So he comes in from work, eats, does me the favor of a 15 minute cuddle and then spends the next 3 or 4 hours online. 

I am lonely really really lonely. He doesn't "get" why I am so upset because he says it is only online. We don't talk hardly anymore, we don't go anywhere together, we don't spend quality time together.

Then he tells me tonight that he is going to work on Second Life stuff (textures, meshs, things to sell) and spend time with this other female for the next 3 years. He told me that he would quit but that it would mean working everyday at a deadend job. That he is really hoping this pans outs. That I could ride the wave with him (being lonely, miserable, anxiety ridden, hurt and angry) and see if it works out. 

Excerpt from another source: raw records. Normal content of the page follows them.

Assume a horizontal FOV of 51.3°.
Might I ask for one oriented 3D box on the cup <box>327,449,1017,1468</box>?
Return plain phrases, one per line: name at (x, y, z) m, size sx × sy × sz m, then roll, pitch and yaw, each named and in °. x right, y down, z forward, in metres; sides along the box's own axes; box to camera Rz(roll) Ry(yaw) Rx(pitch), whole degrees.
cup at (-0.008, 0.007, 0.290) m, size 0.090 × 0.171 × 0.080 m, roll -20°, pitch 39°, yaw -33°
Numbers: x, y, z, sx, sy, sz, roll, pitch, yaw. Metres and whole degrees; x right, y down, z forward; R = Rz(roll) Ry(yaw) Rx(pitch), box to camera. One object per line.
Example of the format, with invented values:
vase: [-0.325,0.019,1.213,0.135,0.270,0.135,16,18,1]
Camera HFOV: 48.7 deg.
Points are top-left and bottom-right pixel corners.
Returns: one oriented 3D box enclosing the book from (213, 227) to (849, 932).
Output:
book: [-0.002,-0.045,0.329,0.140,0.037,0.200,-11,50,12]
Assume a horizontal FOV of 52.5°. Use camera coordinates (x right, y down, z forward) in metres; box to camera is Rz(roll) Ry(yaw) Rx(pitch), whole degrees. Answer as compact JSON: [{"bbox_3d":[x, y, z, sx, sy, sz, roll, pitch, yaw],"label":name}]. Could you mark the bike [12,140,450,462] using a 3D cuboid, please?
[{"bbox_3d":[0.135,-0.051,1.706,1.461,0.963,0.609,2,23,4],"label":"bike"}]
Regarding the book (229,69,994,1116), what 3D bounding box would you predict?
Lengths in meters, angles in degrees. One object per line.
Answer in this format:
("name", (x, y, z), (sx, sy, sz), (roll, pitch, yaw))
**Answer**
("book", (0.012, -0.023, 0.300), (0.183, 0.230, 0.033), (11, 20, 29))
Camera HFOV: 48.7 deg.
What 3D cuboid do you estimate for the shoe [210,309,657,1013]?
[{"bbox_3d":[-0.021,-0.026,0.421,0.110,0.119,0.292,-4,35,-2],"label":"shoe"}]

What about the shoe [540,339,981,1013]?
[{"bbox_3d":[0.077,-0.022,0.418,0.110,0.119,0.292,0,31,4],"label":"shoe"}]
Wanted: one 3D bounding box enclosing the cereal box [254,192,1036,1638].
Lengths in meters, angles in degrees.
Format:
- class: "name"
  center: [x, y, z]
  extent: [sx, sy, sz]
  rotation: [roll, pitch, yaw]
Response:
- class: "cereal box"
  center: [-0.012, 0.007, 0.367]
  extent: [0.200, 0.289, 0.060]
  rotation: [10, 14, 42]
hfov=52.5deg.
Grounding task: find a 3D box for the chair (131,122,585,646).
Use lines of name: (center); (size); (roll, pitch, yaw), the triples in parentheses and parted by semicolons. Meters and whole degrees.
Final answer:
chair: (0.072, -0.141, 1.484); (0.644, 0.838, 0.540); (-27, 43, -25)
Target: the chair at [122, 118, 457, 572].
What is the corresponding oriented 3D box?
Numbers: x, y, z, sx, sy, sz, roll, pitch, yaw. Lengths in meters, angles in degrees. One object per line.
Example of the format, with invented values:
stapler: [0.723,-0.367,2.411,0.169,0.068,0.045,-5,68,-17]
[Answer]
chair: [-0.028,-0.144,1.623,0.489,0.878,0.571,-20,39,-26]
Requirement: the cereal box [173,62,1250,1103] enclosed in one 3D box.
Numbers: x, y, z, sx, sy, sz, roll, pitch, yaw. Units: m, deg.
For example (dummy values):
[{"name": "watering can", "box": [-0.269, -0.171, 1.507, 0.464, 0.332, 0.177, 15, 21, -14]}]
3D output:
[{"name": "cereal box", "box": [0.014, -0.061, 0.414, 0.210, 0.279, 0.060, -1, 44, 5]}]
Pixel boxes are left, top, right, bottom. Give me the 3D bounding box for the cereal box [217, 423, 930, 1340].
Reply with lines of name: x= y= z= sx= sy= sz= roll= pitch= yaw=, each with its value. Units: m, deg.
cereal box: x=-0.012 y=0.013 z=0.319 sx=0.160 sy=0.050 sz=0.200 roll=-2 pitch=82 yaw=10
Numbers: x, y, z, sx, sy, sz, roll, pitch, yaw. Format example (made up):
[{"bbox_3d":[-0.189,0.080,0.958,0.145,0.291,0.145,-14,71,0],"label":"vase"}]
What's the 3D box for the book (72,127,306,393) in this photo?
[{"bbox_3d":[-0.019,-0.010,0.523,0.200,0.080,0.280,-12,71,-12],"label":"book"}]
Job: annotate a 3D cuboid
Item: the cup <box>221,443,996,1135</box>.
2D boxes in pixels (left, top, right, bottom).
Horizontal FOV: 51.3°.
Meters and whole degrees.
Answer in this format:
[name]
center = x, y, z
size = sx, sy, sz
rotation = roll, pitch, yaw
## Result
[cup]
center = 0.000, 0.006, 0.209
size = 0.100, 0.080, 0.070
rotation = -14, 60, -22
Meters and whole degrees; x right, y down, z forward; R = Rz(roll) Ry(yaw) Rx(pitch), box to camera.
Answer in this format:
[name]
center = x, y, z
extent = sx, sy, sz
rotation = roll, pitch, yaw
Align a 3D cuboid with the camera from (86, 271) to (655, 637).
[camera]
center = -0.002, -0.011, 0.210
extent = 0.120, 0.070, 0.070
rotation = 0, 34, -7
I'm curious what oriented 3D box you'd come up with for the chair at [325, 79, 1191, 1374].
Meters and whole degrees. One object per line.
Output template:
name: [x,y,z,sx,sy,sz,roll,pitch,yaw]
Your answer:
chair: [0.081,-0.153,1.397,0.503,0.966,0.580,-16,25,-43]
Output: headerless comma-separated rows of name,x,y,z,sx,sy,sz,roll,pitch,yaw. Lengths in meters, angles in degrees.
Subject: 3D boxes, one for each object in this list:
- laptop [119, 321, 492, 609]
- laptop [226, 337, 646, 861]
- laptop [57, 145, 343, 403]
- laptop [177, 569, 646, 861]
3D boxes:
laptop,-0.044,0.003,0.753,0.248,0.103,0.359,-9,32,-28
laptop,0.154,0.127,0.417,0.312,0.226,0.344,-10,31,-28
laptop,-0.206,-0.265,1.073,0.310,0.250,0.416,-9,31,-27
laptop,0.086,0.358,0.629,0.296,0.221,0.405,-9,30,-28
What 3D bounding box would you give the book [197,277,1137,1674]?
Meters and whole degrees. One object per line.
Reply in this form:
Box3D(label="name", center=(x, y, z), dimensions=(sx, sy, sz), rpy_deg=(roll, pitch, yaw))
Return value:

I asked him what if it doesn't work? where will our marriage be in three years? I ask him if our marriage or Second Life was more important to him. Like normal he clammed up. Refused to answer the question. 

I don't think I can spend the next three years in the state I am in right now. I think it is better to be lonely and alone rather than with someone and be lonely. 

I can't figure out whether to stay or whether to go.


----------



## EleGirl (Dec 3, 2011)

I've been through this. Leave him. He's having online affairs and justifying it by saying that he can make money at it.

He's doing this openly and you have been enabling him and allowing it. It's it to get your life back.'

Seriously, see an attorney and file for divorce. He's already gone.


----------